Here’s a pragmatic sequence for building a real-world agentic system on AWS:

  1. Scope & design

    • Define user journeys, agent roles, tools, success metrics.

  2. Choose AWS components

    • Bedrock models + Agents/AgentCore for core agent logic.

    • SageMaker for supporting models and MLOps.

    • Step Functions + Lambda/ECS for orchestration & tools.

  3. Prototype

    • Single-region, limited-traffic POC.

    • Simple logging, manual evaluation.

  4. Hardening

    • Add guardrails and safety filters.

    • Introduce proper observability and tracing.

    • Build CI/CD and basic canary deployment.

  5. Scale-out

    • Optimize for latency and cost (routing, caching).

    • Add multi-agent collaboration where beneficial.

    • Implement auto scaling.

  6. Continuous improvement

    • Close the feedback loop from telemetry & user feedback to training data.

    • Regularly refresh knowledge bases and retrain supporting models.

Common Pitfalls & Anti-Patterns#

  • “Single giant agent”: One agent doing everything with a massive prompt. Hard to debug, scale, and govern.

  • No explicit tool contracts: Letting the LLM “invent” tool usage instead of having strict schemas.

  • Unbounded loops: Agents that keep thinking & calling tools indefinitely—always add step and time limits.

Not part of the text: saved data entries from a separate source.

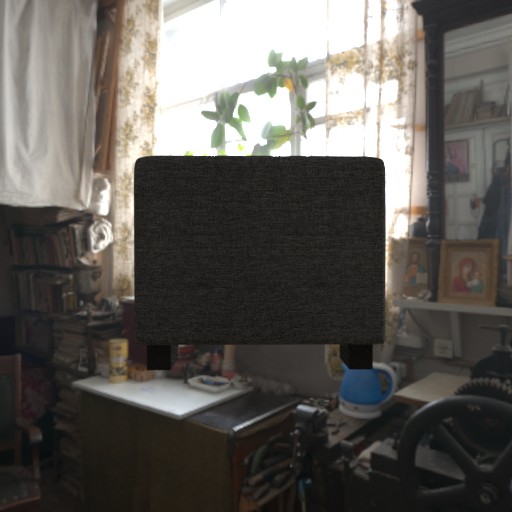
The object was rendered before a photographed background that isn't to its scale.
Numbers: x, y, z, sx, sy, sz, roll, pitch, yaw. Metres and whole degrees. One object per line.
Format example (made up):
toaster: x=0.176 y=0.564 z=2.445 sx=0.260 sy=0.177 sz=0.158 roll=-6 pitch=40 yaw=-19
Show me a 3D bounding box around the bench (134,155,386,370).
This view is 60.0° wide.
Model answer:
bench: x=0.000 y=0.000 z=1.521 sx=0.508 sy=0.445 sz=1.296 roll=0 pitch=1 yaw=-1

  • Hidden state: Storing critical context only in prompts, not in explicit memory/state stores.

  • No observability: Debugging via ad hoc logs instead of structured metrics, logs, and traces.

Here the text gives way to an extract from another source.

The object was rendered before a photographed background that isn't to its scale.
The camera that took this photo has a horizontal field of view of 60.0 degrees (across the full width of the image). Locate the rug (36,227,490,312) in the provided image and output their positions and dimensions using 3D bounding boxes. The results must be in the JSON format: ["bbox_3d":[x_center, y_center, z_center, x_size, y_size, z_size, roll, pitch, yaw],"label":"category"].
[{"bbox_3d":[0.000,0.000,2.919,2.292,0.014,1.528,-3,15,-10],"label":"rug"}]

  • Prompt sprawl: Unversioned prompts directly edited in consoles; use Git and environments instead.

Where SageMaker, Bedrock, and AgentCore Each Fit#

To summarize their roles in an agentic MLOps stack:

  • Amazon Bedrock

    • Foundation models (Claude, etc.).

    • Knowledge bases and guardrails.

    • Agents for Bedrock for integrated tool use and multi-agent workflows. (AWS Documentation)

  • Amazon Bedrock AgentCore (emerging platform)

    • Purpose-built runtime for agents.

    • Managed memory, identity, gateway, code interpreter, browser tool.

    • Deep observability for agent steps and interactions. (Amazon Web Services, Inc.)

  • Amazon SageMaker

    • Classic MLOps backbone:

      • Training pipelines,

      • Model Registry and approvals,

      • Batch/online endpoints for supporting models.

    • Ideal for domain-specific ML around your agents.

Together, they allow you to build production-grade, scalable, observable, and governable agentic systems that go far beyond “just calling an LLM”.